Alcohols Phenols Ethers: Previous Year Questions with Solutions

Question

(JEE Main 2023) Which of the following compounds gives a yellow precipitate with iodine in aqueous NaOH (iodoform test): (a) methanol, (b) ethanol, (c) propan-1-ol, (d) tert-butanol?

Solution — Step by Step

Iodoform test is positive only for $\text{CH}_3\text{CO-}$ or $\text{CH}_3\text{CH(OH)-}$ groups — methyl ketones and methyl carbinols.
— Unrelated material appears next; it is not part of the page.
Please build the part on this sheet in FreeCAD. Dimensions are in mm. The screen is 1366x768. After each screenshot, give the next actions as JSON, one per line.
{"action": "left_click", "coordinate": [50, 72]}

Methanol ( $\text{CH}_3\text{OH}$ ): no CH(OH) adjacent to methyl — negative. Ethanol ( $\text{CH}_3\text{CH}_2\text{OH}$ ): has $\text{CH}_3\text{CH(OH)H}$ — positive. Propan-1-ol: the OH is on the terminal carbon, not on a carbon bearing a methyl — negative. Tert-butanol: no $\alpha$ -H on the carbon bearing OH — negative.

Ethanol (b) gives the positive iodoform test.

Why This Works

The iodoform test oxidises a secondary alcohol of the form $\text{CH}_3\text{CH(OH)R}$ to a methyl ketone $\text{CH}_3\text{COR}$ , then successively replaces the three $\alpha$ -H atoms with iodine, and finally cleaves to give $\text{CHI}_3$ (yellow) and $\text{RCOO}^-$ . Ethanol is the smallest alcohol that fits.
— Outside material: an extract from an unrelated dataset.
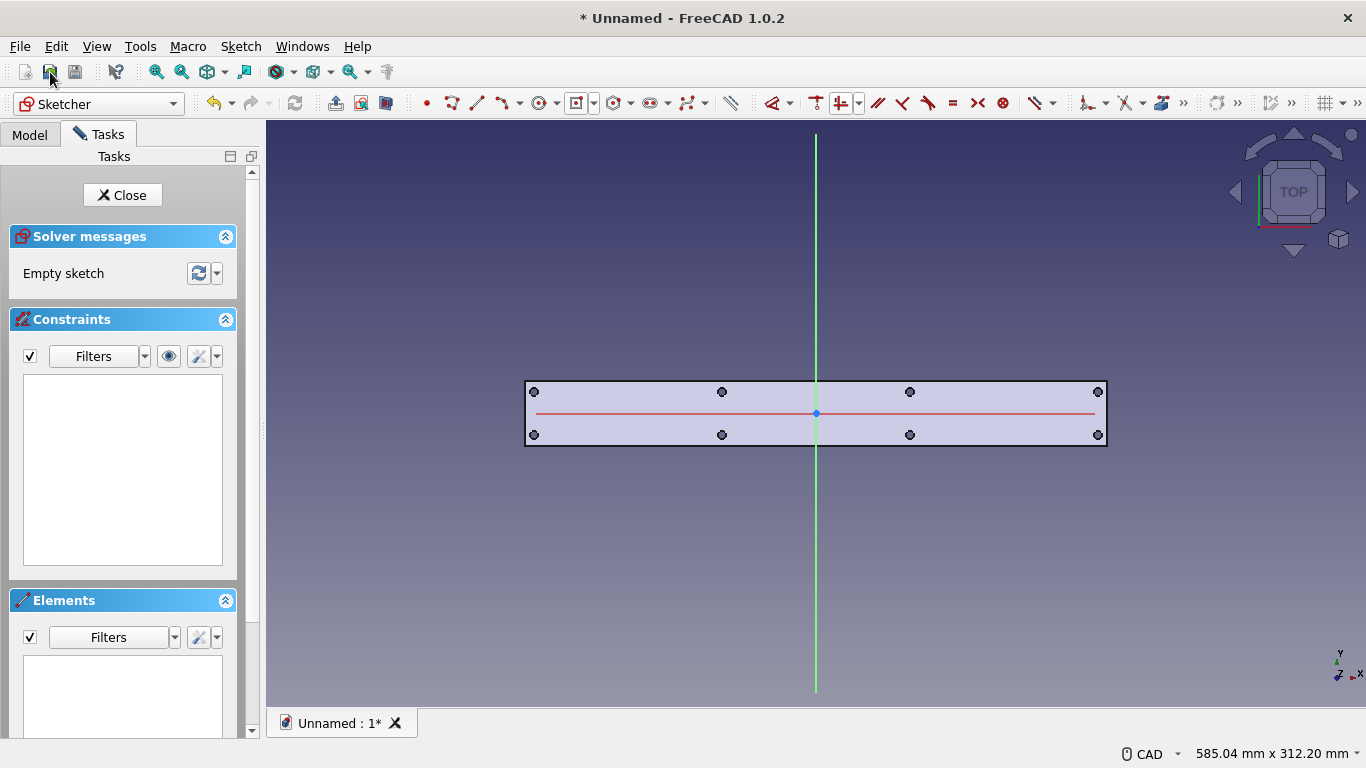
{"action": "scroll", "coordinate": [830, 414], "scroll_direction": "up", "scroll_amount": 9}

Reading the question twice before touching the pen saves more time than any shortcut. Underline what is asked — students lose marks by solving the wrong quantity, not by arithmetic errors.

Alternative Method

A quick shortcut: any alcohol of the form $\text{CH}_3\text{CH(OH)-}$ or $\text{CH}_3\text{CO-}$ passes. Scan mentally for a methyl attached to a CH(OH) or C=O.

Common Mistake

Some students mark methanol as positive, thinking ‘methyl group is present’. Methanol has no $\alpha$ -carbon at all — it only has the OH carbon. The rule needs a methyl adjacent to the CHOH or CO, not the CHOH itself being methyl.

Exam Connection

This kind of question is a reliable marks-scorer in CBSE board papers and JEE Main. Examiners reuse the underlying concept with small cosmetic changes — different numbers, a renamed compound, a twist in the wording. If you understand the reasoning here, you will recognise the pattern in any future variant. That is the difference between solving one question and solving a question type.
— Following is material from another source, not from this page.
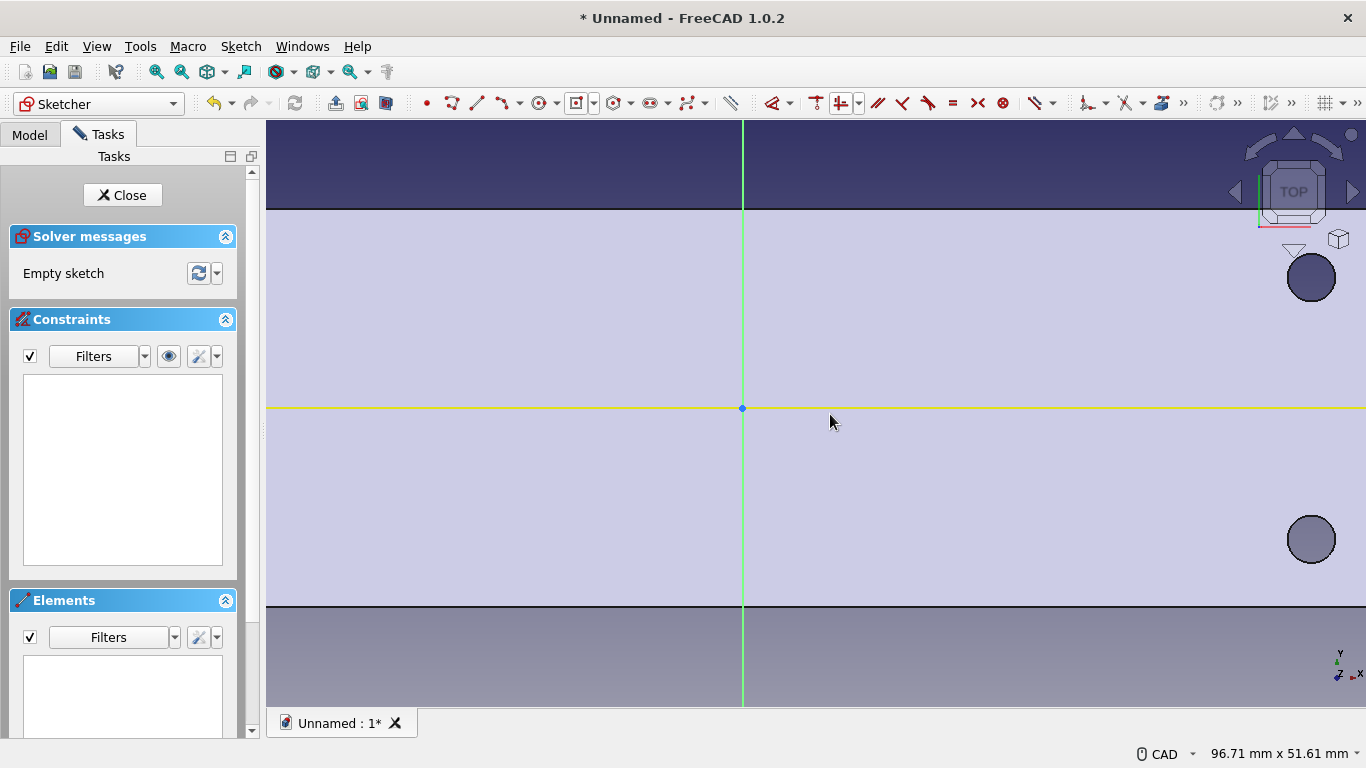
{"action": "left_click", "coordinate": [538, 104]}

Teachers often say, “practise till the method becomes boring.” What they mean is: work through enough variations that the decision tree inside your head becomes automatic. By the time you sit the exam, your pen should know the first three steps before your brain consciously thinks about them.

Practice Extension

Try these follow-up variations on your own and see if your method still works:

Change the starting quantity (e.g. 4.6 g becomes 9.2 g) and confirm that the final answer scales linearly.
Swap the reagent for a close analogue (e.g. $\text{KMnO}_4$ instead of $\text{K}_2\text{Cr}_2\text{O}_7$ ) and check which steps stay the same and which change.
Flip the question — given the product, work backwards to find the starting amount. This reverse drill tests whether you really understand the stoichiometry, or whether you were just plugging into a memorised chain.
Add an impurity (e.g. “the sample is only 80% pure”) and adjust the mole calculation. Purity questions are a classic twist in JEE Main.

In JEE Main, the cut-off between a 95 percentile and a 99 percentile is often just 3 to 4 questions of this exact difficulty. Practising these variations matters more than learning new topics during the last month of preparation.

Quick Recap

Identify the concept before touching numbers.
Write units on every line — they catch errors automatically.
Reach the final answer in a single bold or boxed expression so the examiner sees it instantly.
When stuck, ask: “what quantity is conserved here?” Conservation of mass, charge, and energy solve most chemistry problems.